Mijn invloedrijkste tieneralbums
Zomer 1989, 15 jaar.
Weer een spelletje met muziek. De vorige keer zocht ik de mooiste nummers bij dertig thema’s, deze keer de invloedrijkste albums tussen mijn 14e en 18e. Voor mij dus tussen begin 1988 en eind 1991. Ik schreef op Facebook aan Maarten en Seppe van wie ik het idee jatte (en die het zelf hier vandaan hadden): ‘Tien … godallemachtig … de helft van de platen die ooit belangrijk zijn geworden, heb ik toen ontdekt. Het is gekkenwerk. En toen ik 14 was luisterde ik ook nog eens totaal andere muziek dan toen ik 18 was. Maar ik zal verder niet morren, streng zijn en gewoon aan de slag gaan. Verdorie.’
Dat doe ik dus maar. Nog een paar disclaimertjes. Ik meen opgevangen te hebben dat je bij het einde van je middelbare school moet ophouden, daarom heb ik Pearl Jam, Red Hot Chili Peppers, Nirvana, Rage Against the Machine en zulks eruit gelaten. Officieel vallen die nét binnen die vier jaar, maar eind 1991 hadden die mijn hart nog niet of nauwelijks veroverd. Ook heb ik Prince niet genoemd, want ik draaide alle albums die hij tot dan toe had gemaakt helemaal grijs, dus dan zou de top tien in een keer vol zitten. Ik heb bij de video’s wederom vooral gelet op twee dingen: 1. Is het wel de uitvoering die ik zo mooi vind? en 2. Is de geluidskwaliteit aanvaardbaar? Daarom zitten er filmpjes tussen met belachelijk beeld: niet op letten alsjeblieft.

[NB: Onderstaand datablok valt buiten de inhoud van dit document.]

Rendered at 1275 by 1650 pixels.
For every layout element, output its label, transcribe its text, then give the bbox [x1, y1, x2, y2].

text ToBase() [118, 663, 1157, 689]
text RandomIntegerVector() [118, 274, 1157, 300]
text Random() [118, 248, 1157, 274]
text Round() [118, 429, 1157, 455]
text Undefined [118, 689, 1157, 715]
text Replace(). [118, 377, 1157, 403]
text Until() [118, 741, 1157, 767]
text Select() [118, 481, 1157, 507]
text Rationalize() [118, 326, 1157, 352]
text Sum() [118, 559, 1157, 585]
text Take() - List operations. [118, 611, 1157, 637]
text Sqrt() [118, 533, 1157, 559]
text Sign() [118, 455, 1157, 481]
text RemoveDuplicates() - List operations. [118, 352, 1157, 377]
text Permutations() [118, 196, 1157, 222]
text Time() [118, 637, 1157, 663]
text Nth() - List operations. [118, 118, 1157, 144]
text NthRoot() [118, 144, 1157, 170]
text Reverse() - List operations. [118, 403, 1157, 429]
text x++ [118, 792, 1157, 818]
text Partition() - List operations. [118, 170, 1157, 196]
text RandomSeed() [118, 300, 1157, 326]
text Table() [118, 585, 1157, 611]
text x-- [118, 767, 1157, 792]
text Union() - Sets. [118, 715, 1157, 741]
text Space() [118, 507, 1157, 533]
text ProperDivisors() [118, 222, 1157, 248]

Ik probeer ook een ranking aan te leggen: hoe invloedrijk was de muziek? Bovendien doe ik mijn best om het meest invloedrijke nummer van de plaat te kiezen. Gedoe!

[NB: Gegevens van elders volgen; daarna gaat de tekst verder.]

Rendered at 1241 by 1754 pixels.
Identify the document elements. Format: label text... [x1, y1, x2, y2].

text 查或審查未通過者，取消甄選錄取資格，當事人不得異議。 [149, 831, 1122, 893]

10. Niemand in de stad – De Dijk
Hoe? Via de vriend met wie ik op mijn zestiende ging samenwonen. Hij had toen ik in 1989 verkering met hem kreeg als een van de weinige vrienden een cd-speler én ook een paar cd’s (geen grapje: niet iedereen met een cd-speler had cd’s, want die waren rete-duur). Een daarvan was Niemand in de stad van De Dijk.
Wat? Ik herinner me dat ik De Dijk vanaf het begin af aan niet helemaal serieus nam. Ik vond het wat kinderlijke muziek, en als ik iets niet van plan was, dan was het wel mijn muzieksmaak in de omgekeerde richting ontwikkelen. Maar in het Amsterdam van eind jaren tachtig/begin jaren negentig kon je niet om De Dijk heen. Dus hoewel ik hun muziek zelf vrijwel nooit opzette, kroop de plaat toch onder mijn huid. Begin jaren negentig maakte ik voorgerechten en toetjes in een Amsterdams eetcafé. Dit was de plaat die de afstand overbrugde tussen mij en de hardcoregabberkoks met wie ik in de keuken werkte: dit vonden we allemaal goed.

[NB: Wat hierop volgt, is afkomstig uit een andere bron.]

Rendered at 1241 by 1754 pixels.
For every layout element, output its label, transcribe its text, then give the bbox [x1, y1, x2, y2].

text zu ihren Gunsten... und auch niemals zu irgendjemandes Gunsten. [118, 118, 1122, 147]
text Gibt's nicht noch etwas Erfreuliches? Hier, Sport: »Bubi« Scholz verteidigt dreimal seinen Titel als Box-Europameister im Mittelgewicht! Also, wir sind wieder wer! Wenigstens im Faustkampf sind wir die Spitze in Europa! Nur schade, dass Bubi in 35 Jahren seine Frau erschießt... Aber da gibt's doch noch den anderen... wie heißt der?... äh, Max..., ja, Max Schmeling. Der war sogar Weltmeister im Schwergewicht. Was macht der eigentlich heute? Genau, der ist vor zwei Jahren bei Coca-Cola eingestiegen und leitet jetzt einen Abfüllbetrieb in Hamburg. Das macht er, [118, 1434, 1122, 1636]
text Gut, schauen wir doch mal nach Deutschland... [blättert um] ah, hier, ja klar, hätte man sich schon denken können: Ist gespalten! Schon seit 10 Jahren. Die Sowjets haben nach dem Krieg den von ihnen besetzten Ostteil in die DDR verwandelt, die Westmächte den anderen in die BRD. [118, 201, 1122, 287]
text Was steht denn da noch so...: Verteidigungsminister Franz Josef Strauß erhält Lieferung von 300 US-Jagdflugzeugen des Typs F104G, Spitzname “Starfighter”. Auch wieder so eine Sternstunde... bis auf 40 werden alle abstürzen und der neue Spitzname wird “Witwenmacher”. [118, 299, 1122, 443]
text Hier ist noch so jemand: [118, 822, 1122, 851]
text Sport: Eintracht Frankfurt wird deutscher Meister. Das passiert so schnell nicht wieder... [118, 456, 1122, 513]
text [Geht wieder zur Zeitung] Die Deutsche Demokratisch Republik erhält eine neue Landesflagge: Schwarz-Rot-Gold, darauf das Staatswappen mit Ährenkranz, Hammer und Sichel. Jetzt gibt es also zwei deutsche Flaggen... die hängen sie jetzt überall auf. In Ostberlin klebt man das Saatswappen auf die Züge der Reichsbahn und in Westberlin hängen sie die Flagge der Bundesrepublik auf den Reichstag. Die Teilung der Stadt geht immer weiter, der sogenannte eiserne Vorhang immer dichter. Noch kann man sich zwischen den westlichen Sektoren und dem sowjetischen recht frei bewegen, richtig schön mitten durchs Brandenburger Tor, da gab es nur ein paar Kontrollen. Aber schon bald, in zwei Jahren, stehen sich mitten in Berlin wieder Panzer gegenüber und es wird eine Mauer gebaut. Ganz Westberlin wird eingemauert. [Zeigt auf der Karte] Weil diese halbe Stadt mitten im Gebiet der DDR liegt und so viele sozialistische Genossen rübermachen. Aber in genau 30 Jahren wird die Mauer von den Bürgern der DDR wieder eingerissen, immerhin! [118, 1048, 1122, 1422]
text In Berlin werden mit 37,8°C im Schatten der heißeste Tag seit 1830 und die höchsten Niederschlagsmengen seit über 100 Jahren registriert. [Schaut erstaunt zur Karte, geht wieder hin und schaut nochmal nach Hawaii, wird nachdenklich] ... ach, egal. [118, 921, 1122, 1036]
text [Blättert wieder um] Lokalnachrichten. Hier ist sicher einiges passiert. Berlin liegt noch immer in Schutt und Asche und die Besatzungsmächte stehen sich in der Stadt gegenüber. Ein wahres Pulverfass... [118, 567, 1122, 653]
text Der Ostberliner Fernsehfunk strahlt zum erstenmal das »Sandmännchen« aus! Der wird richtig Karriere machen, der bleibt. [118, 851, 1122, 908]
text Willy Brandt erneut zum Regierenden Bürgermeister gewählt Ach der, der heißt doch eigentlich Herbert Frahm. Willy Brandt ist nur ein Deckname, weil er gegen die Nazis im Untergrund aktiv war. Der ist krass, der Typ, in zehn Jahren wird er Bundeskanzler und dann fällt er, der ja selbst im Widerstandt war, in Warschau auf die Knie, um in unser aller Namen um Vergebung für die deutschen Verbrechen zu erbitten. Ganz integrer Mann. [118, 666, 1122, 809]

En nu? Ook een plaat die je nooit bewust hebt opgezocht kan een deel van jezelf kan worden. Toch zet ik deze cd nog steeds nooit op.
Waarom dit nummer? Dit nummer is me waarschijnlijk het meeste bijgebleven omdat het een van de minst ‘grappige’ nummers is; niet de gimmick, maar de tekst en de muziek dragen het. En in het kader van ‘zestienjarige Maartje wil niet langer J.J. De Bom, maar Maartje wil Led Zeppelin’ trok een rechtgeaard bluesnummer me vermoedelijk meer aan dan de cartooneske teksten waar deze plaat verder vol mee staat.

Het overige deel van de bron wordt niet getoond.